[Collected data entries]
· · · ·

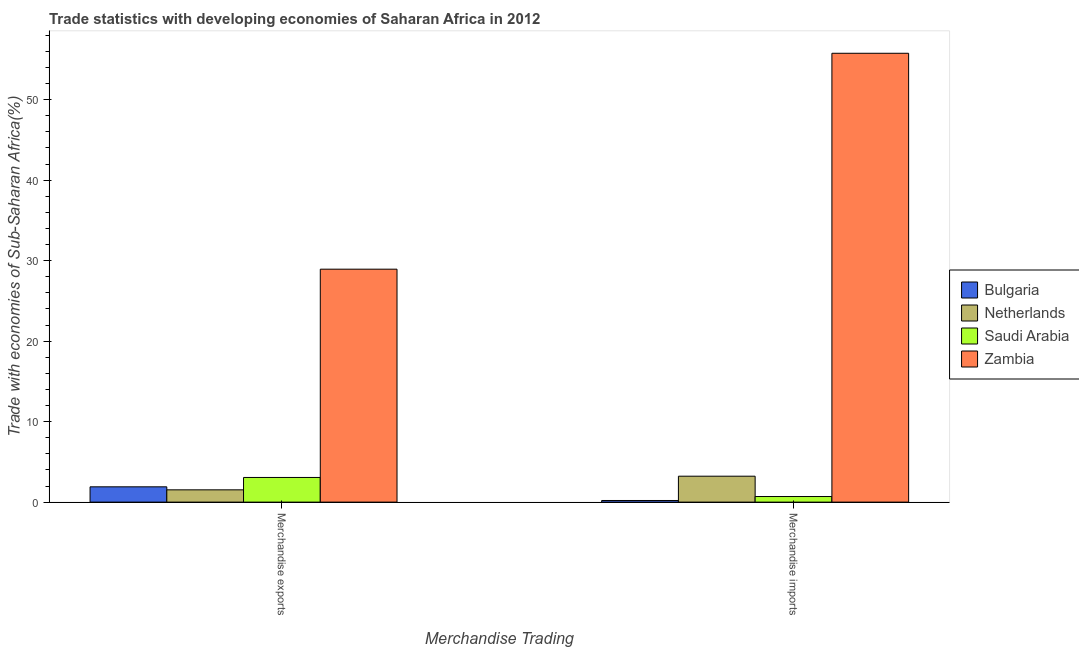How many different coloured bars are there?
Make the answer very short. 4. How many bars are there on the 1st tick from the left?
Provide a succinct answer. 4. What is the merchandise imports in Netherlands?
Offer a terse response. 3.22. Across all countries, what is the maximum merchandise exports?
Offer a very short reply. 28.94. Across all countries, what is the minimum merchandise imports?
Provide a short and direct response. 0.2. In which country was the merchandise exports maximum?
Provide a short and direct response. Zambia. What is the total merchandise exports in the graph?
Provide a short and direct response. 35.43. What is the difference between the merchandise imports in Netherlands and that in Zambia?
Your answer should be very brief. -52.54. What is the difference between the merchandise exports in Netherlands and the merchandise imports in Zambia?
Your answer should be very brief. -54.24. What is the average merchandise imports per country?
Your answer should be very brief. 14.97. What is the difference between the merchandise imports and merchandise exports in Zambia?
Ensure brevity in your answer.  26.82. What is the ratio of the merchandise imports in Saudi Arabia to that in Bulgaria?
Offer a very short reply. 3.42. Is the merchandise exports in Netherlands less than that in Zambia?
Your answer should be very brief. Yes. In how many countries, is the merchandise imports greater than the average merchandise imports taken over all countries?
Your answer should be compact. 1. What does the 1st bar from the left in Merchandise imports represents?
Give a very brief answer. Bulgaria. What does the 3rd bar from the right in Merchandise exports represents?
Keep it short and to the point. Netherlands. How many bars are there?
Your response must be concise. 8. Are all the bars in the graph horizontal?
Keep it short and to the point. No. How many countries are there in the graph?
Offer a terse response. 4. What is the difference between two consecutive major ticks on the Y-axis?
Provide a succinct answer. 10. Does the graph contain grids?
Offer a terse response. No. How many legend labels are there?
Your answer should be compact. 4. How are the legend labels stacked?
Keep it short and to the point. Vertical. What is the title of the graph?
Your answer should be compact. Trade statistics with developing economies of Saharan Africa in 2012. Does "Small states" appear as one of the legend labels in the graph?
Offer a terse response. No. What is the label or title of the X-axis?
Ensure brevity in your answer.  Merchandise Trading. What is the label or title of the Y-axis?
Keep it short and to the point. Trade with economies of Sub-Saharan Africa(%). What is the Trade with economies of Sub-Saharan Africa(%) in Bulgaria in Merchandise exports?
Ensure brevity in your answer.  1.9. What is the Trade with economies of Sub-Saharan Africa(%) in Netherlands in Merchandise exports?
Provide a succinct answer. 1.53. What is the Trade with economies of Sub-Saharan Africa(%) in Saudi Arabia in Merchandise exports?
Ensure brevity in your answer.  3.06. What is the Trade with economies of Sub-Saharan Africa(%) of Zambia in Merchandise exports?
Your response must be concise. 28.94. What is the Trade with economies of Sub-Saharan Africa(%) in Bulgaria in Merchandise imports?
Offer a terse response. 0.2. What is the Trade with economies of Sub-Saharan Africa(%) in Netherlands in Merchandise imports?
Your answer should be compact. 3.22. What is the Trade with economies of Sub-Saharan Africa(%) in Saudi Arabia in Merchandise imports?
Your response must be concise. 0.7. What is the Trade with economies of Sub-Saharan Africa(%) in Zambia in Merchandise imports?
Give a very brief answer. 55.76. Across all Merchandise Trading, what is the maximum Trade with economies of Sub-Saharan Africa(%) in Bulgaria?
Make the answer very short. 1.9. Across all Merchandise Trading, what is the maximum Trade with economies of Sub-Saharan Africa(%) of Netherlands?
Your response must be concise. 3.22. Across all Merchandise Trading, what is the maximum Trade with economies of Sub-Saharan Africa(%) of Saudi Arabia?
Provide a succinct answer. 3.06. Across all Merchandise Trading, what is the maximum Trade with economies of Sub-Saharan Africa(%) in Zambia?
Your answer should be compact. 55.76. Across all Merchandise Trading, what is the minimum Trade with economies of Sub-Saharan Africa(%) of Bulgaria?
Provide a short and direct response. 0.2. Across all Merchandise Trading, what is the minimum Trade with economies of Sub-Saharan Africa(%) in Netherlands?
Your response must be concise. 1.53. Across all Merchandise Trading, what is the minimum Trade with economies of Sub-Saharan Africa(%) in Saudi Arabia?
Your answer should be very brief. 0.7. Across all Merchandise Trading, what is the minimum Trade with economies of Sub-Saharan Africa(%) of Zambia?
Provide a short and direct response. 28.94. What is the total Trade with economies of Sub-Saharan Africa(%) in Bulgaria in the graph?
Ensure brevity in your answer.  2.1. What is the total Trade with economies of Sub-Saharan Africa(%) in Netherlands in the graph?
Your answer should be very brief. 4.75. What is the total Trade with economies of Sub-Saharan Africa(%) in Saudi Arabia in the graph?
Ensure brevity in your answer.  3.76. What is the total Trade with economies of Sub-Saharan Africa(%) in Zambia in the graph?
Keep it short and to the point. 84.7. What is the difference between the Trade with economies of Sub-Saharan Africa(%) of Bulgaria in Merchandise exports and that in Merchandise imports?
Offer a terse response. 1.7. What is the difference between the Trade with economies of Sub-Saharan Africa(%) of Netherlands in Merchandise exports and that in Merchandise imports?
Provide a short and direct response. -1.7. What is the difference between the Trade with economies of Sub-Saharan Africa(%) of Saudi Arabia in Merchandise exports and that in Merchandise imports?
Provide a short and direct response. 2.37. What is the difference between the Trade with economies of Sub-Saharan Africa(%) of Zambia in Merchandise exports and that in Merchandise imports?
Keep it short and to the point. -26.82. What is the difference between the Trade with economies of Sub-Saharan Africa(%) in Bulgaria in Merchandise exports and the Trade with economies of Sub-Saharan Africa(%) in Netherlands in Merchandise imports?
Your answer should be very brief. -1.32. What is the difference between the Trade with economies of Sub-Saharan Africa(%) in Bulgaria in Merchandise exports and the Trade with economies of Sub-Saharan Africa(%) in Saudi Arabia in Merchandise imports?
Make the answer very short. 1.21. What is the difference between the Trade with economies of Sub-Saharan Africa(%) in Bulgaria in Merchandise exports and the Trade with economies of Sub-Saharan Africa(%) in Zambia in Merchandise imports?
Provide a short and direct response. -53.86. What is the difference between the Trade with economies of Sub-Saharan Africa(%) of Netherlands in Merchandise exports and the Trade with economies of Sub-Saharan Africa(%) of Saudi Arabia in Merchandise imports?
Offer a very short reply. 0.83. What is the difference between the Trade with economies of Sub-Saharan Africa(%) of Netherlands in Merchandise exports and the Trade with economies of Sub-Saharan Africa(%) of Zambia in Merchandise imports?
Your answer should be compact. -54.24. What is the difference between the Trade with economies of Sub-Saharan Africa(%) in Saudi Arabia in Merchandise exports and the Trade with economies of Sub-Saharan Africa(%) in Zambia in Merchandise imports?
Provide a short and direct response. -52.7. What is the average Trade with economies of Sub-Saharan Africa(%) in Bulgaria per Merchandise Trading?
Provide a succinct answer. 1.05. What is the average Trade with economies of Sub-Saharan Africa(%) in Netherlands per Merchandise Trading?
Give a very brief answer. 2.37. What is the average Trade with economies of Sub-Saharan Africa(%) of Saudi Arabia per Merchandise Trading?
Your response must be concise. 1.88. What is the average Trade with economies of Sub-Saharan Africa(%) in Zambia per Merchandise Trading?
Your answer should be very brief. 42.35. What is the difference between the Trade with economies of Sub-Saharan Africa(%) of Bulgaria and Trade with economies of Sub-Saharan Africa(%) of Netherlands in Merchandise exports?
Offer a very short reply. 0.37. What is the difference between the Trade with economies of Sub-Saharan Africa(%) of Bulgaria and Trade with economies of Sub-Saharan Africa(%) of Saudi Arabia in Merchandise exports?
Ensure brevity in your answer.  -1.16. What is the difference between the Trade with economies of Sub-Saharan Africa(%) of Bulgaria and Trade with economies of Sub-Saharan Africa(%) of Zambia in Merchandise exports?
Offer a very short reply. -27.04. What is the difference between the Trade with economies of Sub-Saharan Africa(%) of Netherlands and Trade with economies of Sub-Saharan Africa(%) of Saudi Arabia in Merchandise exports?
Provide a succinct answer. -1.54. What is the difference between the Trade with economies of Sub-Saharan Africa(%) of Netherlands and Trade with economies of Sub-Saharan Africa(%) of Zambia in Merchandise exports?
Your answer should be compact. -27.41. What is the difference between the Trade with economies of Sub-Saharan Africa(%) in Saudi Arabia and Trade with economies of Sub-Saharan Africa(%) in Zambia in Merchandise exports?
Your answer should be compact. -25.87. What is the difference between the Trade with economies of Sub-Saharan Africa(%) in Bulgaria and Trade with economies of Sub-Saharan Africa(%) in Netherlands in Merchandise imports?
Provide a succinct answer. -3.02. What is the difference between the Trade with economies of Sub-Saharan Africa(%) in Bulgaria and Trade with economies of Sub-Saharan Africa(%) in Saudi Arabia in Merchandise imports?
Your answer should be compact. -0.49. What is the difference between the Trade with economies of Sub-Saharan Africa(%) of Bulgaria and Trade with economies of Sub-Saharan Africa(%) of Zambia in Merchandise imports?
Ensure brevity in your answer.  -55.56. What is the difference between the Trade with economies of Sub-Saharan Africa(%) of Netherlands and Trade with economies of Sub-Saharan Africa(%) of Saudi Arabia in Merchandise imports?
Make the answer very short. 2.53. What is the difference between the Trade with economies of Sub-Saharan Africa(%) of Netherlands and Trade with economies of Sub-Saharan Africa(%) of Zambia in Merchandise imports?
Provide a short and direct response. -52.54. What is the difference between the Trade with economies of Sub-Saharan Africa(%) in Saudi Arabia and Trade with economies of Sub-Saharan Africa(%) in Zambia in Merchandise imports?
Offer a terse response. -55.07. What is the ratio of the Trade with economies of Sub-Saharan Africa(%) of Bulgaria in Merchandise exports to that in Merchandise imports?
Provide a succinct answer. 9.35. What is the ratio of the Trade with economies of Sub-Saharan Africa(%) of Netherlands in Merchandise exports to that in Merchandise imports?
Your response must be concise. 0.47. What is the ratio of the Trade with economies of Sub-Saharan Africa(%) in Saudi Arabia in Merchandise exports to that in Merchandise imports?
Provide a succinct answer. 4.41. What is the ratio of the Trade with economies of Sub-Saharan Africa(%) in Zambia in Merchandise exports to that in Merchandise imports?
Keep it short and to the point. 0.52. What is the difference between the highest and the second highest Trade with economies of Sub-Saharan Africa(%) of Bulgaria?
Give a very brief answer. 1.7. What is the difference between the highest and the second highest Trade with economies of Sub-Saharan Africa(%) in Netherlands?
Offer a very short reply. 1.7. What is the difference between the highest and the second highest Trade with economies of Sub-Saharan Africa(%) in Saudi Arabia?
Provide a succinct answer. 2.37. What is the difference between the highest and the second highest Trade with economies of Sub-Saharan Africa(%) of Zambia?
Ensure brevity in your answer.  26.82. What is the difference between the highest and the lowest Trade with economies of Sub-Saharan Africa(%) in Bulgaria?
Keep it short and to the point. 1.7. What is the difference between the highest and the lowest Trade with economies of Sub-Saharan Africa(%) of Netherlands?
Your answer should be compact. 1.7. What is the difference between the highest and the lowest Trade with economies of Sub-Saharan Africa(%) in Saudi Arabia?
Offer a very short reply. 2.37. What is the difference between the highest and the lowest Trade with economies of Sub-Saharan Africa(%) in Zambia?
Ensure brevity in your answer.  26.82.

· · · ·

After dropping the pictures, reproduce exactly the lines from the first line of the entries through the line containing "Provide a short and direct response. Zambia.", both included.

Result »
How many different coloured bars are there?
Make the answer very short. 4. How many bars are there on the 1st tick from the left?
Provide a succinct answer. 4. What is the merchandise imports in Netherlands?
Offer a terse response. 3.22. Across all countries, what is the maximum merchandise exports?
Offer a very short reply. 28.94. Across all countries, what is the minimum merchandise imports?
Provide a short and direct response. 0.2. In which country was the merchandise exports maximum?
Provide a short and direct response. Zambia. What is the total merchandise exports in the graph?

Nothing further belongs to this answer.